• [Task goal]:
Copy each entry below exactly. No images.

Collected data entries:
►
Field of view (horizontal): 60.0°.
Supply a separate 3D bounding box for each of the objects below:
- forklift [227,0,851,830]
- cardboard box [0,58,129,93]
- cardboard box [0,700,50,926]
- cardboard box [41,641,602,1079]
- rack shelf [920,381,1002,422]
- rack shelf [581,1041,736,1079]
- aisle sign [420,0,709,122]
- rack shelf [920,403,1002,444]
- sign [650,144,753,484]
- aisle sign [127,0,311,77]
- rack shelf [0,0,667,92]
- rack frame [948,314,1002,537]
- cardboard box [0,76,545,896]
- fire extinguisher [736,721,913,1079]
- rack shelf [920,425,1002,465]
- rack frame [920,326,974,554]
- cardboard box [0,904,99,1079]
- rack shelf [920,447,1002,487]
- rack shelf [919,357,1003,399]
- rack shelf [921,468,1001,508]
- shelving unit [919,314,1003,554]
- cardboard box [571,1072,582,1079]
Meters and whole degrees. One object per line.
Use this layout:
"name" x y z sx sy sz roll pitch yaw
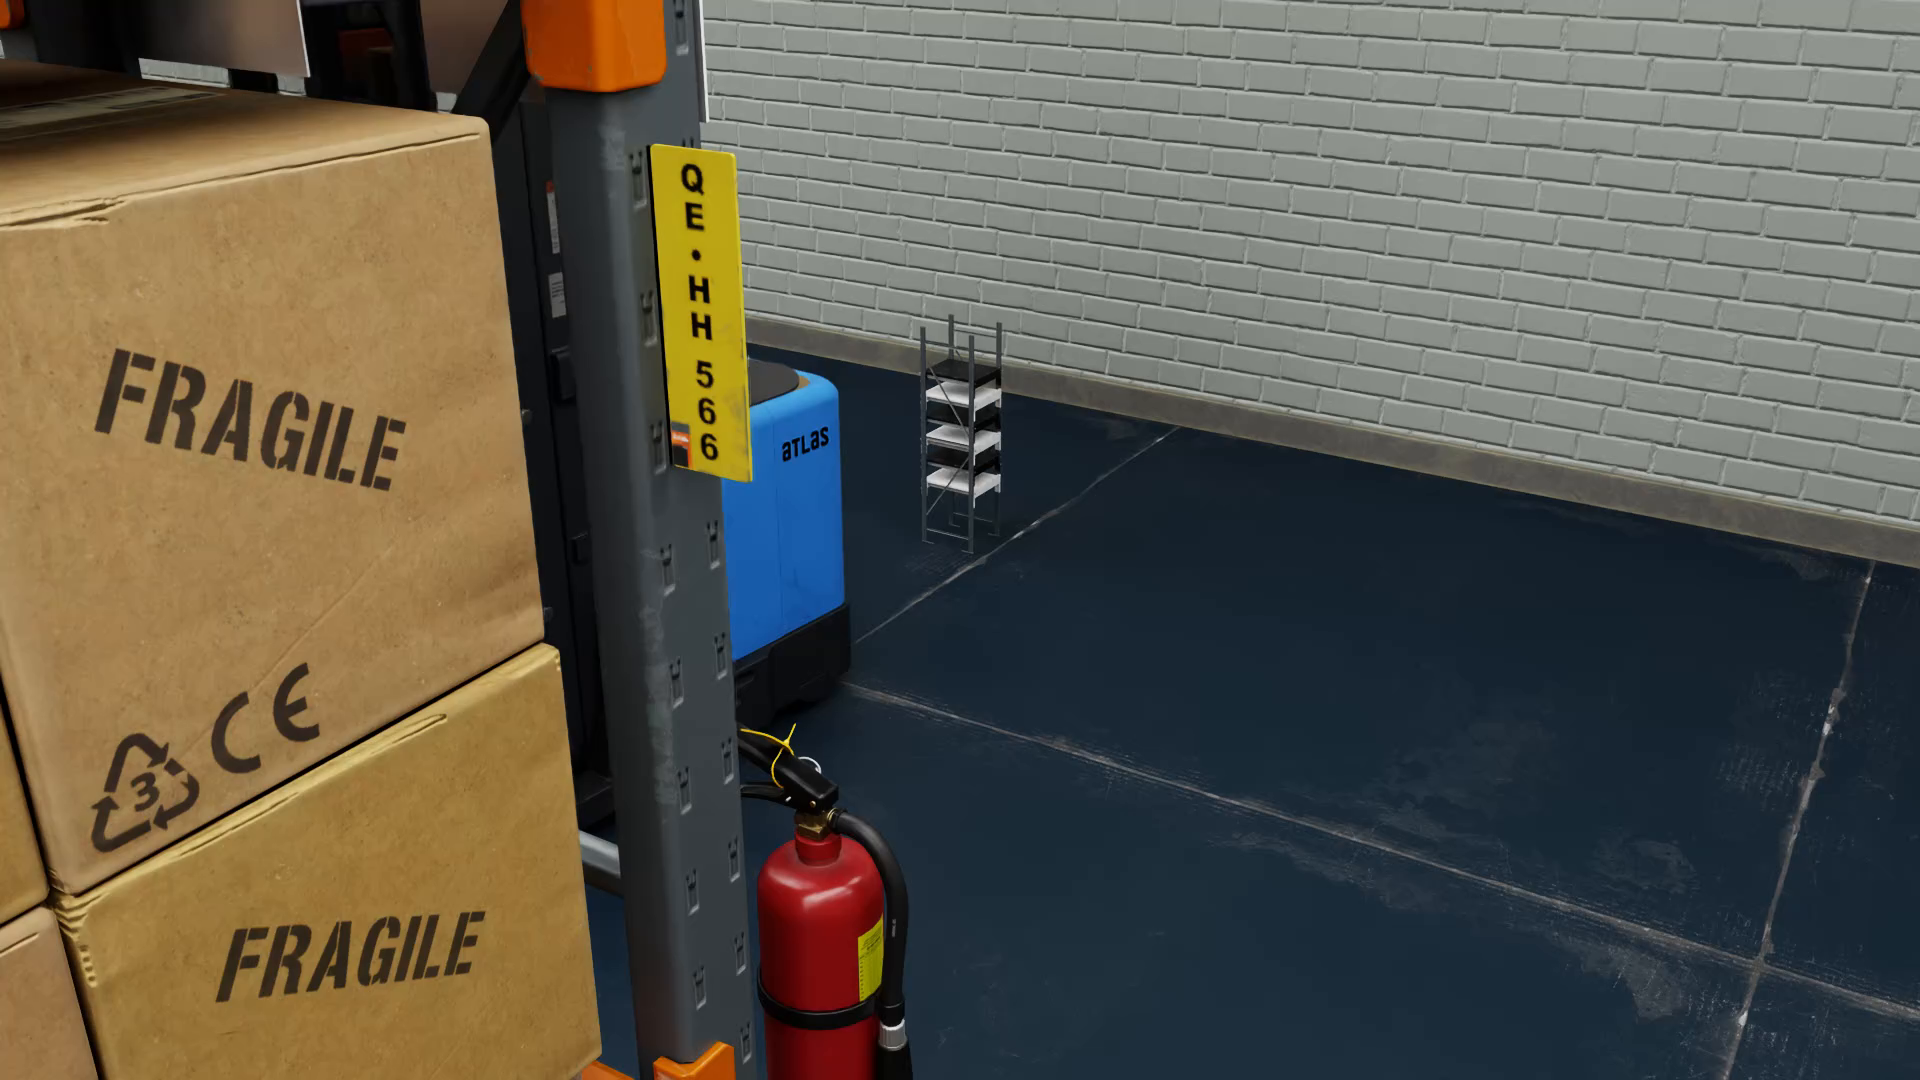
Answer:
"forklift" -1.664 -0.518 4.257 1.130 2.935 3.031 17 29 34
"cardboard box" -1.173 -0.208 1.696 0.500 0.500 0.500 14 27 29
"cardboard box" -1.008 0.074 1.046 0.500 0.500 0.500 13 27 27
"cardboard box" -0.729 0.360 1.641 0.500 0.500 0.500 14 27 30
"rack shelf" 0.004 -0.550 6.519 0.258 0.077 0.200 14 27 29
"rack shelf" -1.766 1.342 0.779 1.077 0.370 4.000 14 27 29
"aisle sign" -0.418 -0.818 1.591 0.394 0.787 0.004 14 27 29
"rack shelf" 0.004 -0.468 6.555 0.258 0.077 0.200 14 27 29
"sign" -0.250 -0.216 1.618 0.100 0.325 0.005 14 27 29
"aisle sign" -0.927 -0.943 1.881 0.394 0.787 0.004 14 27 29
"rack shelf" -1.766 -0.034 0.183 1.077 0.370 4.000 14 27 29
"rack frame" 0.058 -0.450 6.657 0.240 0.900 0.006 14 27 29
"cardboard box" -0.741 -0.097 1.441 0.500 0.500 0.500 13 27 28
"fire extinguisher" -0.186 0.556 2.258 0.296 0.674 0.183 14 27 29
"rack shelf" 0.004 -0.385 6.591 0.258 0.077 0.200 14 27 29
"rack frame" -0.049 -0.381 6.498 0.240 0.900 0.006 14 27 29
"cardboard box" -1.006 0.533 1.242 0.500 0.500 0.500 13 27 28
"rack shelf" 0.004 -0.303 6.627 0.258 0.077 0.200 14 27 29
"rack shelf" 0.004 -0.633 6.484 0.258 0.077 0.200 14 27 29
"rack shelf" 0.004 -0.220 6.662 0.258 0.077 0.200 14 27 29
"shelving unit" 0.004 -0.416 6.578 0.258 0.900 0.210 14 27 29
"cardboard box" -0.643 0.622 1.854 0.380 0.149 0.250 14 27 29
◄
• [Solution]:
Field of view (horizontal): 60.0°.
Supply a separate 3D bounding box for each of the objects below:
- forklift [227,0,851,830]
- cardboard box [0,58,129,93]
- cardboard box [0,700,50,926]
- cardboard box [41,641,602,1079]
- rack shelf [920,381,1002,422]
- rack shelf [581,1041,736,1079]
- aisle sign [420,0,709,122]
- rack shelf [920,403,1002,444]
- sign [650,144,753,484]
- aisle sign [127,0,311,77]
- rack shelf [0,0,667,92]
- rack frame [948,314,1002,537]
- cardboard box [0,76,545,896]
- fire extinguisher [736,721,913,1079]
- rack shelf [920,425,1002,465]
- rack frame [920,326,974,554]
- cardboard box [0,904,99,1079]
- rack shelf [920,447,1002,487]
- rack shelf [919,357,1003,399]
- rack shelf [921,468,1001,508]
- shelving unit [919,314,1003,554]
- cardboard box [571,1072,582,1079]
Meters and whole degrees. One object per line.
Use this layout:
"name" x y z sx sy sz roll pitch yaw
Answer:
"forklift" -1.664 -0.518 4.257 1.130 2.935 3.031 17 29 34
"cardboard box" -1.173 -0.208 1.696 0.500 0.500 0.500 14 27 29
"cardboard box" -1.008 0.074 1.046 0.500 0.500 0.500 13 27 27
"cardboard box" -0.729 0.360 1.641 0.500 0.500 0.500 14 27 30
"rack shelf" 0.004 -0.550 6.519 0.258 0.077 0.200 14 27 29
"rack shelf" -1.766 1.342 0.779 1.077 0.370 4.000 14 27 29
"aisle sign" -0.418 -0.818 1.591 0.394 0.787 0.004 14 27 29
"rack shelf" 0.004 -0.468 6.555 0.258 0.077 0.200 14 27 29
"sign" -0.250 -0.216 1.618 0.100 0.325 0.005 14 27 29
"aisle sign" -0.927 -0.943 1.881 0.394 0.787 0.004 14 27 29
"rack shelf" -1.766 -0.034 0.183 1.077 0.370 4.000 14 27 29
"rack frame" 0.058 -0.450 6.657 0.240 0.900 0.006 14 27 29
"cardboard box" -0.741 -0.097 1.441 0.500 0.500 0.500 13 27 28
"fire extinguisher" -0.186 0.556 2.258 0.296 0.674 0.183 14 27 29
"rack shelf" 0.004 -0.385 6.591 0.258 0.077 0.200 14 27 29
"rack frame" -0.049 -0.381 6.498 0.240 0.900 0.006 14 27 29
"cardboard box" -1.006 0.533 1.242 0.500 0.500 0.500 13 27 28
"rack shelf" 0.004 -0.303 6.627 0.258 0.077 0.200 14 27 29
"rack shelf" 0.004 -0.633 6.484 0.258 0.077 0.200 14 27 29
"rack shelf" 0.004 -0.220 6.662 0.258 0.077 0.200 14 27 29
"shelving unit" 0.004 -0.416 6.578 0.258 0.900 0.210 14 27 29
"cardboard box" -0.643 0.622 1.854 0.380 0.149 0.250 14 27 29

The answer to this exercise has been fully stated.